-------- INFORMATION SHOWN

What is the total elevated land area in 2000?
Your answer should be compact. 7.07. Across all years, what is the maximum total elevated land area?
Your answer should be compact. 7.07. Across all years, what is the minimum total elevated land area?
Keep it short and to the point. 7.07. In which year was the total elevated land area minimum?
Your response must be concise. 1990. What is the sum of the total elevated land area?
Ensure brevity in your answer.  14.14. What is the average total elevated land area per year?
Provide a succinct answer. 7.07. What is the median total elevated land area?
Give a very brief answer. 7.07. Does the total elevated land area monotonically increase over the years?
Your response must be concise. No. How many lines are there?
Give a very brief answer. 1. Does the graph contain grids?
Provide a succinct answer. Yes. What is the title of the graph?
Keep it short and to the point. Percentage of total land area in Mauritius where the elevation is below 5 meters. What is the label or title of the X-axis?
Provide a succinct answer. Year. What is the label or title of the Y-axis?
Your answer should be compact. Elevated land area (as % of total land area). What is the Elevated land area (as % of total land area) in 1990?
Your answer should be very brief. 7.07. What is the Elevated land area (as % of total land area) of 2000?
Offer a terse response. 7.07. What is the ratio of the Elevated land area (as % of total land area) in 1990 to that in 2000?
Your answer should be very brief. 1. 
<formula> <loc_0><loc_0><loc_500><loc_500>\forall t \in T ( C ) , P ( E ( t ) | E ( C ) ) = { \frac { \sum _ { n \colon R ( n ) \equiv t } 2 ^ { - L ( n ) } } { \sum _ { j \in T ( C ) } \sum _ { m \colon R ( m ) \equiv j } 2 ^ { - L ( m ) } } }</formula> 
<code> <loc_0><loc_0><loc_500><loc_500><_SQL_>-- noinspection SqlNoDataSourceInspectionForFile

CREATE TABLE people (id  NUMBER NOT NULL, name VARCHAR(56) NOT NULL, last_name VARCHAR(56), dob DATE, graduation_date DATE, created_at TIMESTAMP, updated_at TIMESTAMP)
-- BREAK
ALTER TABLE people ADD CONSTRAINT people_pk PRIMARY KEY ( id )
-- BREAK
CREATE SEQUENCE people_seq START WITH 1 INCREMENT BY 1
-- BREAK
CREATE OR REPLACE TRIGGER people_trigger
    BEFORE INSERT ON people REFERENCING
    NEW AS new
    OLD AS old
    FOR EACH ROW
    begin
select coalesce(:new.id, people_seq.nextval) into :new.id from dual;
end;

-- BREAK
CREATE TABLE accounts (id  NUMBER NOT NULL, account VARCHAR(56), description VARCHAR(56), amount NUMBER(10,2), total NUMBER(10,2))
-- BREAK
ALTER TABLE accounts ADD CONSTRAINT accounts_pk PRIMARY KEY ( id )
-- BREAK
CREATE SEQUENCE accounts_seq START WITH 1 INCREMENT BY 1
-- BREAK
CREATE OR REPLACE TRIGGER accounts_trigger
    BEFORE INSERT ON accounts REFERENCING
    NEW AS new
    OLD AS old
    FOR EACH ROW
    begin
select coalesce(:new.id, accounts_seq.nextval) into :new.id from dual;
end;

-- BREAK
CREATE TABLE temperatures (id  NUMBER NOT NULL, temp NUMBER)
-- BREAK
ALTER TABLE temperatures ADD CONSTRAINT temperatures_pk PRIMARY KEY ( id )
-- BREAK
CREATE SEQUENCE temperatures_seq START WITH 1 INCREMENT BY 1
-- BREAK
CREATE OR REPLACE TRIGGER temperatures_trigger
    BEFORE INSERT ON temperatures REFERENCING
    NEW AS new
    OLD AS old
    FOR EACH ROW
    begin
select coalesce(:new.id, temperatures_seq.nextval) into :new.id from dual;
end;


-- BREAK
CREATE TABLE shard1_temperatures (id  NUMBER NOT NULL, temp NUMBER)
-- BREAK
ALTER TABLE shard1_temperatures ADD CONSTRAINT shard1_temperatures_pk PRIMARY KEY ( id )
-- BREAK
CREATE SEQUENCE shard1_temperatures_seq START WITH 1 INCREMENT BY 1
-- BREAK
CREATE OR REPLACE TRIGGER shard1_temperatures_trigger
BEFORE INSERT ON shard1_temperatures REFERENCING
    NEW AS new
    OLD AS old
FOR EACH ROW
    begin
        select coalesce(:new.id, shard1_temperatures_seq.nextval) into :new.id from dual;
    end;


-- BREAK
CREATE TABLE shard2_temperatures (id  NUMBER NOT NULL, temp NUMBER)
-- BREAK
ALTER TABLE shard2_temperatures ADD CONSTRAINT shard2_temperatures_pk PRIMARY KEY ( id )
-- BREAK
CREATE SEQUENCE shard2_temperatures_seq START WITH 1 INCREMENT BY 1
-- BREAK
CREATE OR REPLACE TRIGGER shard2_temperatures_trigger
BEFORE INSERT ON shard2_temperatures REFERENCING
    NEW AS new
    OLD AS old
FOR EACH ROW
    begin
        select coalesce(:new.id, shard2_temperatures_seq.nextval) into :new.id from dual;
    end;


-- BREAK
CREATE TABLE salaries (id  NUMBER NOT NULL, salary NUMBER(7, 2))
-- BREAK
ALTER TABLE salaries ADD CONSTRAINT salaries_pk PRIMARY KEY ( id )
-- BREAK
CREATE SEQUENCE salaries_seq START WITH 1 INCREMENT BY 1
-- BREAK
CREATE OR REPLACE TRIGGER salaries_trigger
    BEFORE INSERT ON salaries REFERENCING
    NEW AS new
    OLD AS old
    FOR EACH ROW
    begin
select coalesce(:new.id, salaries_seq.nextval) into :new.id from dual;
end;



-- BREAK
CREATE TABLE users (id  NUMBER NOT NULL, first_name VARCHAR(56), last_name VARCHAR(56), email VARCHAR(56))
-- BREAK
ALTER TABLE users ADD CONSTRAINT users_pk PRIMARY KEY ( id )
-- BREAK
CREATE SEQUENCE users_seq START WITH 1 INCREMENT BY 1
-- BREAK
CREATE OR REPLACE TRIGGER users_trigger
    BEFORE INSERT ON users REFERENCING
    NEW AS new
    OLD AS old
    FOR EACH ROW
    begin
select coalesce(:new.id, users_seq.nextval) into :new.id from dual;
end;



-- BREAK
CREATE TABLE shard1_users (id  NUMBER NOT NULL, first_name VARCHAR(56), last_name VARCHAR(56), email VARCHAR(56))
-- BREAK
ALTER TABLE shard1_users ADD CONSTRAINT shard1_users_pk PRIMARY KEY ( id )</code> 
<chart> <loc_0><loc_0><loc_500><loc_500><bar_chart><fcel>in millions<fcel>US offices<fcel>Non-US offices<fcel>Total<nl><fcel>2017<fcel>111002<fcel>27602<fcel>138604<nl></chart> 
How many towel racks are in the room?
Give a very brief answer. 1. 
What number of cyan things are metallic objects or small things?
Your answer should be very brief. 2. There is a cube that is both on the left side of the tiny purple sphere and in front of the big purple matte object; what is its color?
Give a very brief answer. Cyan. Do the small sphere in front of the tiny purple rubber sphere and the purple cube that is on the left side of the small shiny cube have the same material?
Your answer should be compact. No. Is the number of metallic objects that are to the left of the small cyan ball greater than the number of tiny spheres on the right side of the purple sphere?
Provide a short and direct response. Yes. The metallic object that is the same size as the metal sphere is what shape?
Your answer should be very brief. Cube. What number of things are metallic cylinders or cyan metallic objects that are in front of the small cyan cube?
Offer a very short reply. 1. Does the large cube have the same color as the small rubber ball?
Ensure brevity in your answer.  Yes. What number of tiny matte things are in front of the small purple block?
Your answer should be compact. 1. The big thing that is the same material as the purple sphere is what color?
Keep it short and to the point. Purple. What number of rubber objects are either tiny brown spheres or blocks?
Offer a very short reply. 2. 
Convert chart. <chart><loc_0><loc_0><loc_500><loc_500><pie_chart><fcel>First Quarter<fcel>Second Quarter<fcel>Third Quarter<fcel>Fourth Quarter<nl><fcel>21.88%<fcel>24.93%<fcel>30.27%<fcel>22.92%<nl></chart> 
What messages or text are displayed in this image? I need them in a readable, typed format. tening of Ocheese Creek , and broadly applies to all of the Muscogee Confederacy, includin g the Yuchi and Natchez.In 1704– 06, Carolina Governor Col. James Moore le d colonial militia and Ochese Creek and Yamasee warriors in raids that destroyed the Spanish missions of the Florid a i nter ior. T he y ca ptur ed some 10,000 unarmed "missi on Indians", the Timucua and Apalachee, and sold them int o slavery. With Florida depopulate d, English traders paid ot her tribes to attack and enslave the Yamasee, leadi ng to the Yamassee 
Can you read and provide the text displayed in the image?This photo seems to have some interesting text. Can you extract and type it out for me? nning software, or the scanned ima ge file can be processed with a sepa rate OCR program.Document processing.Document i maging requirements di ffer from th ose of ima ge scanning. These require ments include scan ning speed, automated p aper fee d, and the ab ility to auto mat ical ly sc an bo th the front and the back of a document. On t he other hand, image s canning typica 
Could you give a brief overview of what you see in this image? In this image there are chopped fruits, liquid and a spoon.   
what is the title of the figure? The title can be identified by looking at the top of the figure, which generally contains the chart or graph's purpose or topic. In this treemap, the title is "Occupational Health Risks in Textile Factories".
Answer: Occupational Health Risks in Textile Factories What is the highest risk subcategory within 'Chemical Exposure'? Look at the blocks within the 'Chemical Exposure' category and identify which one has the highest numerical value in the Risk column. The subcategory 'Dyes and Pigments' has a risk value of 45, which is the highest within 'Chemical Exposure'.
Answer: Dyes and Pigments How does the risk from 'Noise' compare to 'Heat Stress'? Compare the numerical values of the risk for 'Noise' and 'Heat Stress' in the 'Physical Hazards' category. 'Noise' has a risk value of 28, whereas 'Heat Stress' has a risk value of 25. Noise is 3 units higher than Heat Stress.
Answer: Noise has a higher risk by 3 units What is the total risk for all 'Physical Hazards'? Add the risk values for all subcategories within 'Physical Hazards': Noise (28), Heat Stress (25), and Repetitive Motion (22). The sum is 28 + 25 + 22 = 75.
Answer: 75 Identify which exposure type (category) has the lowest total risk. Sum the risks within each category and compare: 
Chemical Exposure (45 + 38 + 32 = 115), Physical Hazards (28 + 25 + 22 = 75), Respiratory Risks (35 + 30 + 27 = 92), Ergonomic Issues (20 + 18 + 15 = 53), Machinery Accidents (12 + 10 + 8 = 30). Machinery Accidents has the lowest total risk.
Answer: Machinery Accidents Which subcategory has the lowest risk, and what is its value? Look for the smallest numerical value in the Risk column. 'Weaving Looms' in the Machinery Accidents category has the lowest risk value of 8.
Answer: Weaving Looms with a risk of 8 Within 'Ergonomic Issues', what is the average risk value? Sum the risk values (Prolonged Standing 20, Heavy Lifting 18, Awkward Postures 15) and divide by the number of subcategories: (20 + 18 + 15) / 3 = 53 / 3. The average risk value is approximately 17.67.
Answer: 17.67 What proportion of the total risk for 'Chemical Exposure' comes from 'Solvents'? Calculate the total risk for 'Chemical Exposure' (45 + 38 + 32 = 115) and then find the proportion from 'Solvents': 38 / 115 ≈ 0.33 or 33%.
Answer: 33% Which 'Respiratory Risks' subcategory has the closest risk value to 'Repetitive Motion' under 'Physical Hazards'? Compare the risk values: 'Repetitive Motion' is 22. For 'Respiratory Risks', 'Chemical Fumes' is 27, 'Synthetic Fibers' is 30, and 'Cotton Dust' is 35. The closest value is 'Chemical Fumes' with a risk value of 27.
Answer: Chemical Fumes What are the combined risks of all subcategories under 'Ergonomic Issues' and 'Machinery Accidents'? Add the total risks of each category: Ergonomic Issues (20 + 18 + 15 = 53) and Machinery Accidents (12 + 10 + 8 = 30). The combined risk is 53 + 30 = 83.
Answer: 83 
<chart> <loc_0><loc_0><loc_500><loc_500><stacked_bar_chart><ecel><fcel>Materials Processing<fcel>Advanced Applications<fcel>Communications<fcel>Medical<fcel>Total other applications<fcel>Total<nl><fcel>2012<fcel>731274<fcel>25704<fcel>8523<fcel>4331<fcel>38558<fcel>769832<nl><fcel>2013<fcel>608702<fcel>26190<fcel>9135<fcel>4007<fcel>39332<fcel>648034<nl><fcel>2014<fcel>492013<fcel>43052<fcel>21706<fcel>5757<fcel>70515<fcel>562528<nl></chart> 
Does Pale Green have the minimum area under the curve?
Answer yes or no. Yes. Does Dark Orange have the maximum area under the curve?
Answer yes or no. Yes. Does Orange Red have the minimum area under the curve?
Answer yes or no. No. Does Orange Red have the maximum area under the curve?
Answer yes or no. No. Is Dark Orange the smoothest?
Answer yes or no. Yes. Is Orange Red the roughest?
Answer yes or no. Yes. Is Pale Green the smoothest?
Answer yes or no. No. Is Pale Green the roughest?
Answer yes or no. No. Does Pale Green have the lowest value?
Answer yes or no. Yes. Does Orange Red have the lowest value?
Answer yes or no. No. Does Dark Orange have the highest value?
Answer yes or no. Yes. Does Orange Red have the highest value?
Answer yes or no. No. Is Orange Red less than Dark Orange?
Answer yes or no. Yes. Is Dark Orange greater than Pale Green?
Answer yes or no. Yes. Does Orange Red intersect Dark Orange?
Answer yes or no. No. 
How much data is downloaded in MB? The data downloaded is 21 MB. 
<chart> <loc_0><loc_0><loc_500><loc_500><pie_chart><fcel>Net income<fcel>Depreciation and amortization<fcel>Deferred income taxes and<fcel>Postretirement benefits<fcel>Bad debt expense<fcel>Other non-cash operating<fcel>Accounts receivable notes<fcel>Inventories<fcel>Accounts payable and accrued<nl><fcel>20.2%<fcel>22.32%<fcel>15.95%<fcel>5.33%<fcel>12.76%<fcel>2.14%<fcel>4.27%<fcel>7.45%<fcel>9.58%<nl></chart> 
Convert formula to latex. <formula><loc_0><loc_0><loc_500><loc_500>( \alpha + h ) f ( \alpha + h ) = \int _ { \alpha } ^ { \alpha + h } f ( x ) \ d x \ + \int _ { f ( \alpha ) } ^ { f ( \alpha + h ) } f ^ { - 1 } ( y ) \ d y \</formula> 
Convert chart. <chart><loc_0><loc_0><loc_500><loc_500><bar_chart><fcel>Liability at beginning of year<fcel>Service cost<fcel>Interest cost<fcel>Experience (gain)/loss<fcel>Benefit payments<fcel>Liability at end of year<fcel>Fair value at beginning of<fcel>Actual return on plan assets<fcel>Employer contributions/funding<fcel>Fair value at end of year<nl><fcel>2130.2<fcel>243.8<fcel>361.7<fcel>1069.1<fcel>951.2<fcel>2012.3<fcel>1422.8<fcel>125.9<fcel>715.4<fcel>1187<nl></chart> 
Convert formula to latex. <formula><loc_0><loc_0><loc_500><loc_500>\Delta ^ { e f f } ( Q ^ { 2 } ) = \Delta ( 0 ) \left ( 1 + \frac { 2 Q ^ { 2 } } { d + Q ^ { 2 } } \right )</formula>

----------------

TASK OBJECTIVE: Find the lines above that contain the word "displayed" and copy each one.

OUTPUT OF THE EXERCISE:
What messages or text are displayed in this image? I need them in a readable, typed format. tening of Ocheese Creek , and broadly applies to all of the Muscogee Confederacy, includin g the Yuchi and Natchez.In 1704– 06, Carolina Governor Col. James Moore le d colonial militia and Ochese Creek and Yamasee warriors in raids that destroyed the Spanish missions of the Florid a i nter ior. T he y ca ptur ed some 10,000 unarmed "missi on Indians", the Timucua and Apalachee, and sold them int o slavery. With Florida depopulate d, English traders paid ot her tribes to attack and enslave the Yamasee, leadi ng to the Yamassee 
Can you read and provide the text displayed in the image?This photo seems to have some interesting text. Can you extract and type it out for me? nning software, or the scanned ima ge file can be processed with a sepa rate OCR program.Document processing.Document i maging requirements di ffer from th ose of ima ge scanning. These require ments include scan ning speed, automated p aper fee d, and the ab ility to auto mat ical ly sc an bo th the front and the back of a document. On t he other hand, image s canning typica 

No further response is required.